'''

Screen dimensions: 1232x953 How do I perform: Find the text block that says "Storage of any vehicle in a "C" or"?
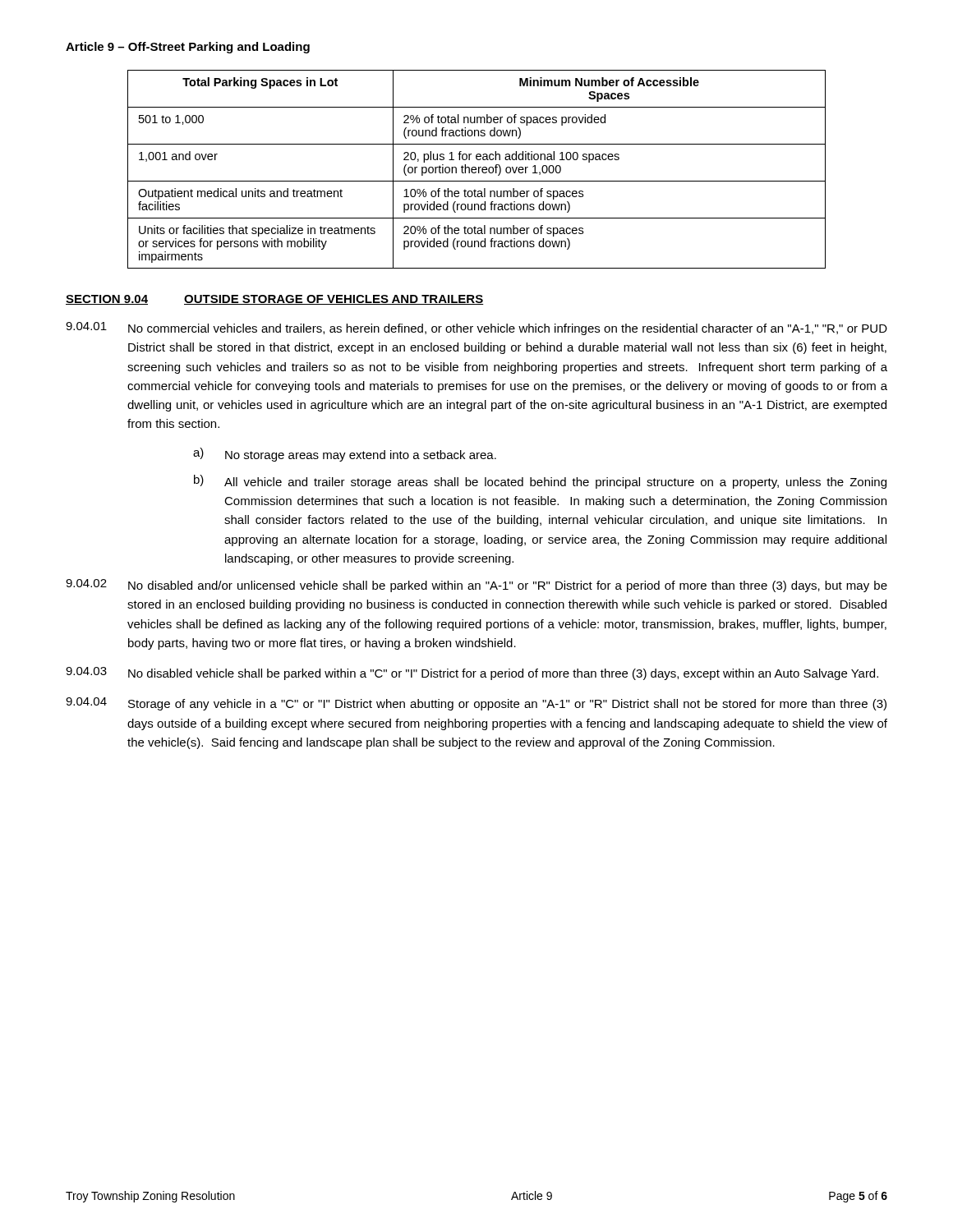(507, 723)
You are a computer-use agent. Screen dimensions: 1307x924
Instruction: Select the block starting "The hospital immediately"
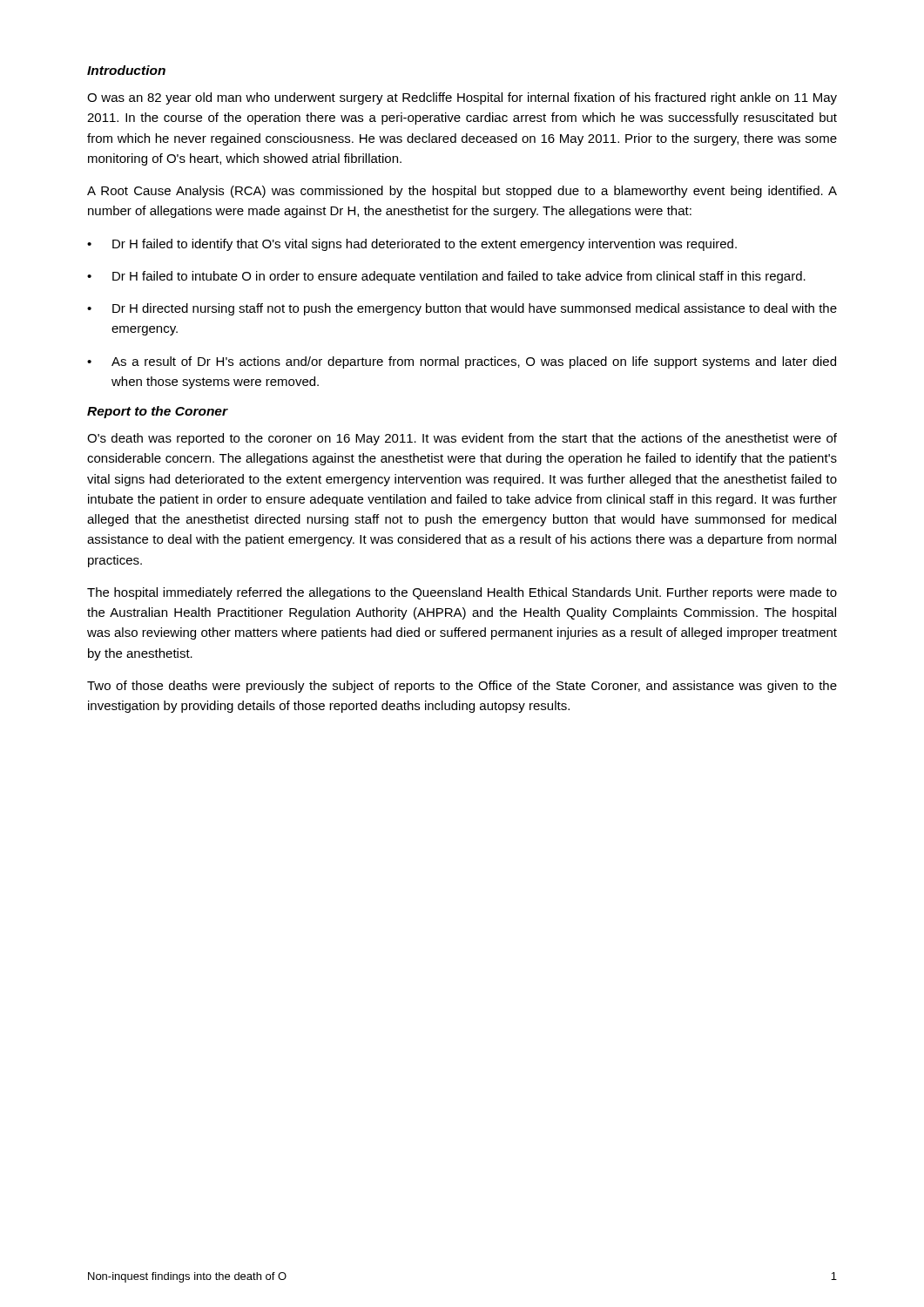pyautogui.click(x=462, y=622)
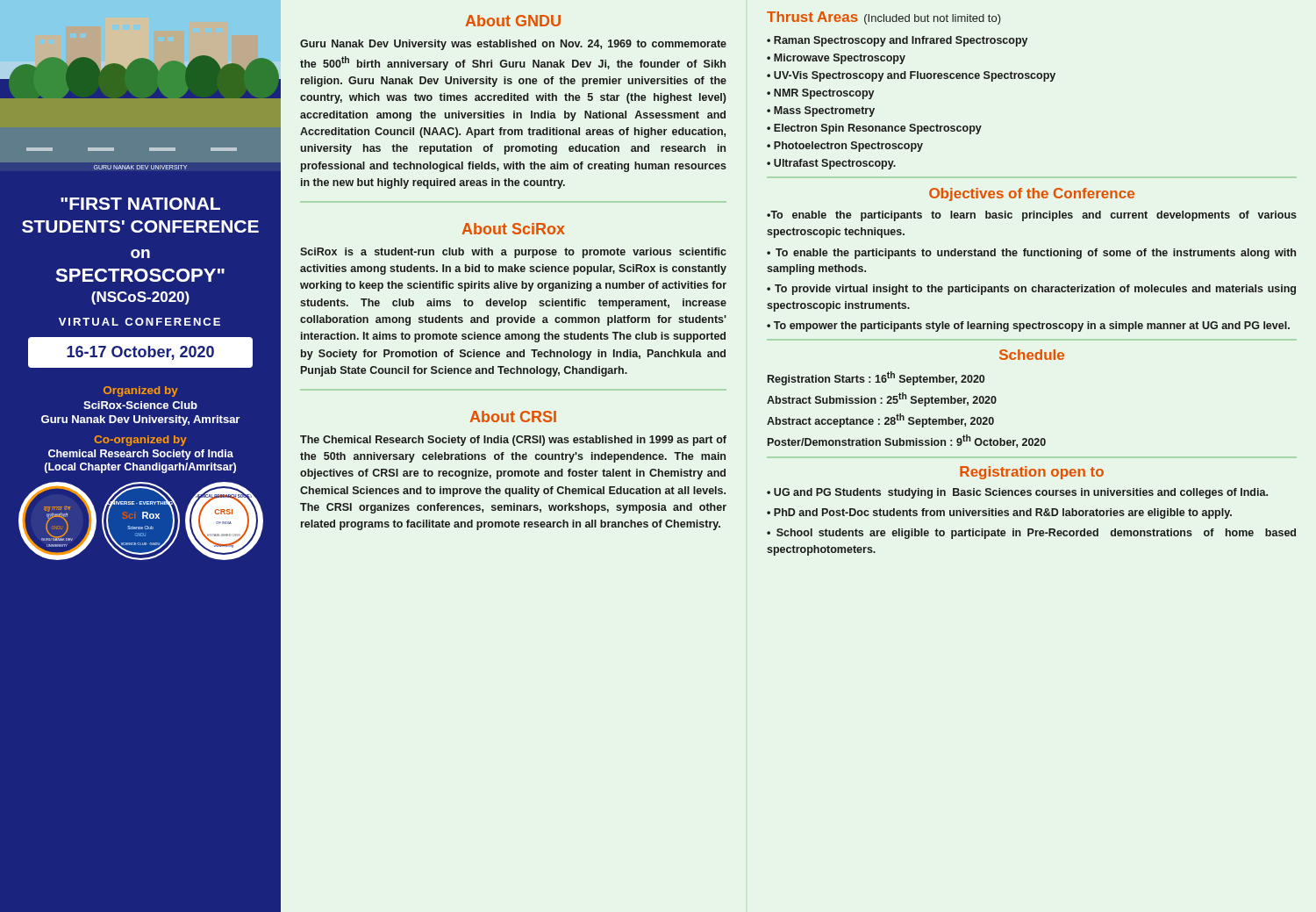The height and width of the screenshot is (912, 1316).
Task: Find the region starting "• To provide virtual insight to the participants"
Action: click(1032, 297)

'''

Instructions to follow:
If pictures are present, they are dropped, and the entries above are written out word for word.

Response to the exercise:
Screen dimensions: 1232x953 How do I perform: Find the text block that says "Storage of any vehicle in a "C" or"?
(507, 723)
You are a computer-use agent. Screen dimensions: 1307x924
Instruction: Select the block starting "The hospital immediately"
pyautogui.click(x=462, y=622)
The height and width of the screenshot is (912, 1316).
Task: Find the region starting "• To provide virtual insight to the participants"
Action: click(1032, 297)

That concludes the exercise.